Asian Beef with Snap Peas and Wide Egg Noodles
Stir fried beef strips and snow peas in a garlic ginger soy sauce served over wide egg noodles for a flavorful and satisfying meal.
This recipe for Asian beef with snap peas and wide egg noodles is a flavorful and satisfying dish that combines tender beef strips, crisp snap peas, and soft egg noodles. The beef is seasoned with Szechuan pepper and kosher salt, then stir-fried with minced garlic and ginger until browned. The snap peas are added and cooked until tender, then a delicious sauce made of soy sauce, rice wine, brown sugar, and cornstarch is added to thicken and coat the beef and snap peas. The dish is served over a bed of wide egg noodles and garnished with sliced red onion and sesame seeds, adding extra texture and flavor. The result is a balanced and savory dish with a touch of sweetness and nuttiness from the sesame seeds that will delight your taste buds.
Ingredients
- 1 pound beef eye of round steaks, cut into thin strips
- 8 ounces snap peas
- 2 cups wide egg noodles
- 1 tablespoon minced garlic
- 1 tablespoon minced ginger root
- 3 tablespoons soy sauce
- 2 tablespoons mirin rice wine
- 1 tablespoon light brown sugar
- 1/2 teaspoon cornstarch
- 1 tablespoon coarse kosher salt
- 1/2 tablespoon fresh cracked Szechuan pepper
- 1/4 cup fresh sliced green onions
- 2 tablespoons sesame seeds
Instructions
- In a small bowl, stir together 3 tablespoons soy sauce, 2 tablespoons rice wine, 1 tablespoon brown sugar, and 1/2 teaspoon cornstarch and set aside.
- Slice the beef steaks into thin strips, cutting across the grain.
- Season the beef strips in a large bowl with coarse kosher salt and fresh cracked Szechuan pepper.
- Prepare minced garlic, ginger, and snow peas.
- Boil a pot of water to cook the wide egg noodles while cooking the stir fry.
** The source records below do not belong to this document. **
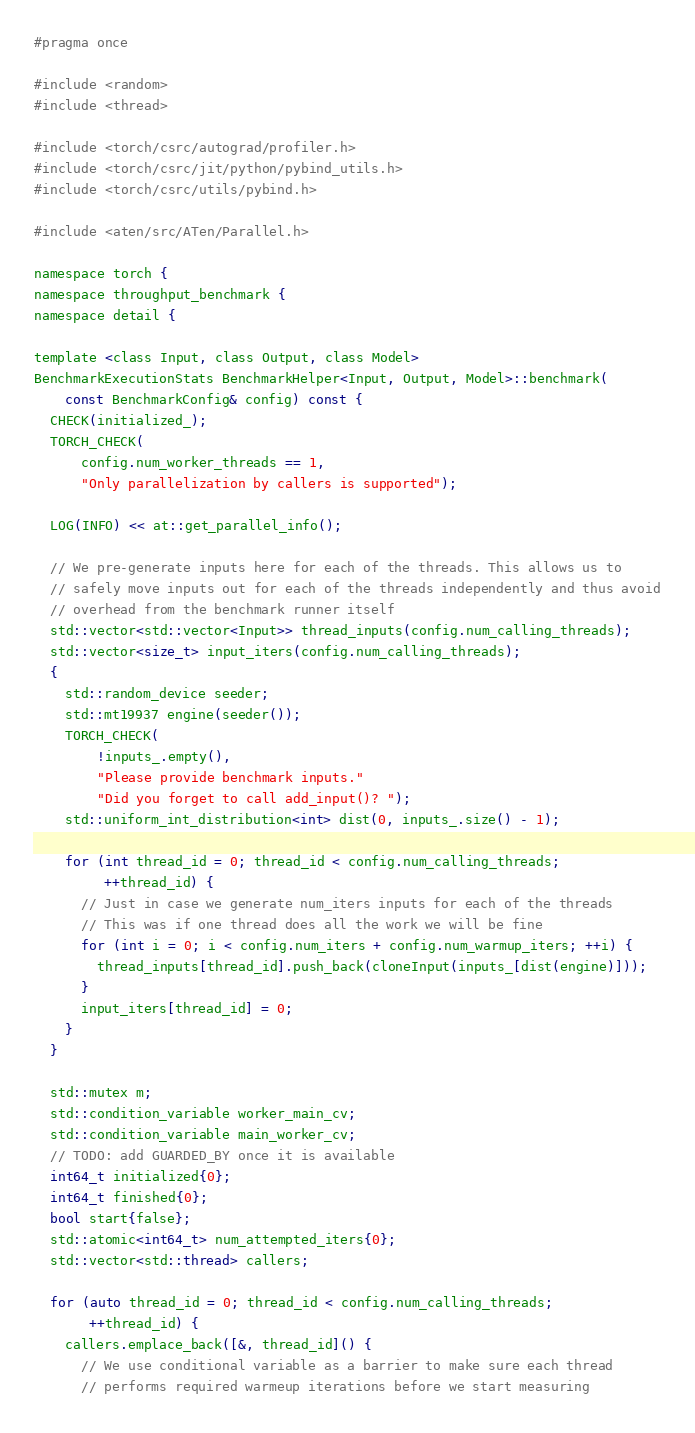<code> <loc_0><loc_0><loc_500><loc_500><_C_>#pragma once

#include <random>
#include <thread>

#include <torch/csrc/autograd/profiler.h>
#include <torch/csrc/jit/python/pybind_utils.h>
#include <torch/csrc/utils/pybind.h>

#include <aten/src/ATen/Parallel.h>

namespace torch {
namespace throughput_benchmark {
namespace detail {

template <class Input, class Output, class Model>
BenchmarkExecutionStats BenchmarkHelper<Input, Output, Model>::benchmark(
    const BenchmarkConfig& config) const {
  CHECK(initialized_);
  TORCH_CHECK(
      config.num_worker_threads == 1,
      "Only parallelization by callers is supported");

  LOG(INFO) << at::get_parallel_info();

  // We pre-generate inputs here for each of the threads. This allows us to
  // safely move inputs out for each of the threads independently and thus avoid
  // overhead from the benchmark runner itself
  std::vector<std::vector<Input>> thread_inputs(config.num_calling_threads);
  std::vector<size_t> input_iters(config.num_calling_threads);
  {
    std::random_device seeder;
    std::mt19937 engine(seeder());
    TORCH_CHECK(
        !inputs_.empty(),
        "Please provide benchmark inputs."
        "Did you forget to call add_input()? ");
    std::uniform_int_distribution<int> dist(0, inputs_.size() - 1);

    for (int thread_id = 0; thread_id < config.num_calling_threads;
         ++thread_id) {
      // Just in case we generate num_iters inputs for each of the threads
      // This was if one thread does all the work we will be fine
      for (int i = 0; i < config.num_iters + config.num_warmup_iters; ++i) {
        thread_inputs[thread_id].push_back(cloneInput(inputs_[dist(engine)]));
      }
      input_iters[thread_id] = 0;
    }
  }

  std::mutex m;
  std::condition_variable worker_main_cv;
  std::condition_variable main_worker_cv;
  // TODO: add GUARDED_BY once it is available
  int64_t initialized{0};
  int64_t finished{0};
  bool start{false};
  std::atomic<int64_t> num_attempted_iters{0};
  std::vector<std::thread> callers;

  for (auto thread_id = 0; thread_id < config.num_calling_threads;
       ++thread_id) {
    callers.emplace_back([&, thread_id]() {
      // We use conditional variable as a barrier to make sure each thread
      // performs required warmeup iterations before we start measuring</code>

- Heat a large skillet or wok to med-high and add the garlic and ginger, stirring until fragrant about 30 seconds.
- Add the beef to the skillet and stir about 2 minutes until browned.
- Add the snap peas and stir about 3 more minutes.
- Stir in the sauce mixture and heat to boiling stirring constantly. Then simmer a few minutes until the sauce begins to thicken.
- Serve over wide egg noodles.
- Garnish with sliced red onion and sesame seeds.
In a small bowl, stir together 3 tablespoons soy sauce, 2 tablespoons rice wine, 1 tablespoon brown sugar, and 1/2 teaspoon cornstarch and set aside.
Prepare the noodles. steak, ginger, and garlic. Here I am cheating using garlic and ginger paste in a tube, very convenient!
Slice the beef steaks into thin strips, cutting across the grain.
Season the beef strips in a large bowl with coarse kosher salt and fresh cracked Szechuan pepper.
Boil the wide egg noodles about 8 minute while cooking the stir fry.
Prepare the snap peas, which I like for their size and volume by preference, or you could use snow peas or another vegetable choice.
Heat a large skillet or wok to med-high and add the garlic and ginger.
Stir until fragrant about 30 seconds.
Add the beef to the skillet over high heat and stir.
Stir about 2 minutes until browned.
Add the snap peas and stir about 3 more minutes.
Stir in the sauce mixture and heat to boiling stirring constantly. Then simmer a few minutes until the sauce begins to thicken.
The noodles and stir fry should finish about the same time. Drain the noodles.